High performance RISC CPU
• All single cycle instructions except for program branches which are two cycle
One instruction cycle consists of four oscillator periods.
• Operating speed: DC - 20 MHz clock input
DC - 200 ns instruction cycle
For an oscillator frequency of 4 MHz, the normal instruction execution time is 1 us.
• Interrupt capability (up to 14 sources)
• Eight level deep hardware stack
• Selectable oscillator options
• Low power, high speed CMOS FLASH/EEPROM technology
• Processor read/write access to program memory
• Wide operating voltage range: 2.0V to 5.5V
• High Sink/Source Current: 25 mA
Peripheral Features (only those we are going to use) :
• Timer0: 8-bit timer/counter with 8-bit prescaler
• Timer1: 16-bit timer/counter with prescaler, can be incremented during SLEEP via external
crystal/clock
• Timer2: 8-bit timer/counter with 8-bit period register, prescaler and postscaler
• Two Capture, Compare, PWM modules
- Capture is 16-bit, max. resolution is 12.5 ns
- Compare is 16-bit, max. resolution is 200 ns
- PWM max. resolution is 10-bit
• 10-bit multi-channel Analog-to-Digital converter
• Universal Synchronous Asynchronous Receiver Transmitter (USART/SCI) with 9-bit address detection
• Synchronous Serial Port (SSP) with SPI (Master mode) and I2C (Master/Slave)
• Parallel Slave Port (PSP) 8-bits wide, with external RD, WR and CS controls
Pins
OSC1/CLKIN - Oscillator crystal input/external clock source input. This buffer is a Schmitt Trigger input when configured in RC oscillator mode and a CMOS input otherwise.
OSC2/CLKOUT - Oscillator crystal output.
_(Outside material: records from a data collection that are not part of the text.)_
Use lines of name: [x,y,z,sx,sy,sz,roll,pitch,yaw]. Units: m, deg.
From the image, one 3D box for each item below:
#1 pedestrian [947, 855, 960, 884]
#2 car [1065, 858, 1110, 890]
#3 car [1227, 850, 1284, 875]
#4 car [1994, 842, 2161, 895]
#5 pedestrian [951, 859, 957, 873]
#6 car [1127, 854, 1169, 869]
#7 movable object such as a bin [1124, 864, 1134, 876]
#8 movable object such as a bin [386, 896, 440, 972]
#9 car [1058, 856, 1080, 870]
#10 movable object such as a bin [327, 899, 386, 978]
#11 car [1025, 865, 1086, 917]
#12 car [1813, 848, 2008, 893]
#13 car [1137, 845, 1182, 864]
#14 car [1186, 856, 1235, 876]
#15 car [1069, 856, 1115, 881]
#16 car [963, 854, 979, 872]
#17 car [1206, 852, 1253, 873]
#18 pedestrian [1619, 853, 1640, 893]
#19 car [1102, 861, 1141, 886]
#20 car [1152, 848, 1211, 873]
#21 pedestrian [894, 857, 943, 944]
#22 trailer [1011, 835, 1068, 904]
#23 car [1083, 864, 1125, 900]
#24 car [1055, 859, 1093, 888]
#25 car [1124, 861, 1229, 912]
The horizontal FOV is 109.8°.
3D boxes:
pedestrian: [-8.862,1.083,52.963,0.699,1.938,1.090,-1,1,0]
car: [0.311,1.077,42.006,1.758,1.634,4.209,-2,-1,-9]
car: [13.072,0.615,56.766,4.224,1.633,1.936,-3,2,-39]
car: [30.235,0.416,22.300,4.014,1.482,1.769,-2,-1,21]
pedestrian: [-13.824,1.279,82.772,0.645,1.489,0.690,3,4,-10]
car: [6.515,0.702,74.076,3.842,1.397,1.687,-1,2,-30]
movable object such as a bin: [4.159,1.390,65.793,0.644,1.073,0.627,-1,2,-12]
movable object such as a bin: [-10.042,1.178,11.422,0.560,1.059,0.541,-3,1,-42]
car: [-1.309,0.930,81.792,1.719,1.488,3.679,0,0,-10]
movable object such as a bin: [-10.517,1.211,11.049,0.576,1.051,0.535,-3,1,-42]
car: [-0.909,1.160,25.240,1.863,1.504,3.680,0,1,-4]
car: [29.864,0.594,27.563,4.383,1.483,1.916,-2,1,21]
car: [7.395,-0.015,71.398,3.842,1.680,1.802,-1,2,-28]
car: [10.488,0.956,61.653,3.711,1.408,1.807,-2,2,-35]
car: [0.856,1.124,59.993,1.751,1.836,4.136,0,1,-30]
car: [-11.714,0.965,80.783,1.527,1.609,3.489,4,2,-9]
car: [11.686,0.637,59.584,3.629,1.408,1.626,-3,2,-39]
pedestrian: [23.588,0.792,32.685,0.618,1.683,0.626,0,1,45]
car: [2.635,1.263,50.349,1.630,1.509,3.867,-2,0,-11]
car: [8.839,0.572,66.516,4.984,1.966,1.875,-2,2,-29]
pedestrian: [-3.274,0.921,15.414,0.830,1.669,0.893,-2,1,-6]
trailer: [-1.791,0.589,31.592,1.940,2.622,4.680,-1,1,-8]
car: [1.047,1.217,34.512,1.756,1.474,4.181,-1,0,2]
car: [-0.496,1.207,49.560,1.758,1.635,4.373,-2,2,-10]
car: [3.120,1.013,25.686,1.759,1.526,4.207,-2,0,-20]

Connects to crystal or resonator in crystal oscillator mode. In RC mode, the OSC2 pin outputs CLKOUT which has 1/4 the frequency of OSC1, and denotes the instruction cycle rate.
MCLR/VPP - Master Clear (Reset) input or programming voltage input. This pin is an active low RESET to the device.
RA0/AN0 - Digital input/output - RA0 can also be analog input0.
RA1/AN1 - Digital input/output - RA1 can also be analog input1.
RA2/AN2/VREF- - Digital input/output - RA2 can also be analog input2 or negative analog reference voltage.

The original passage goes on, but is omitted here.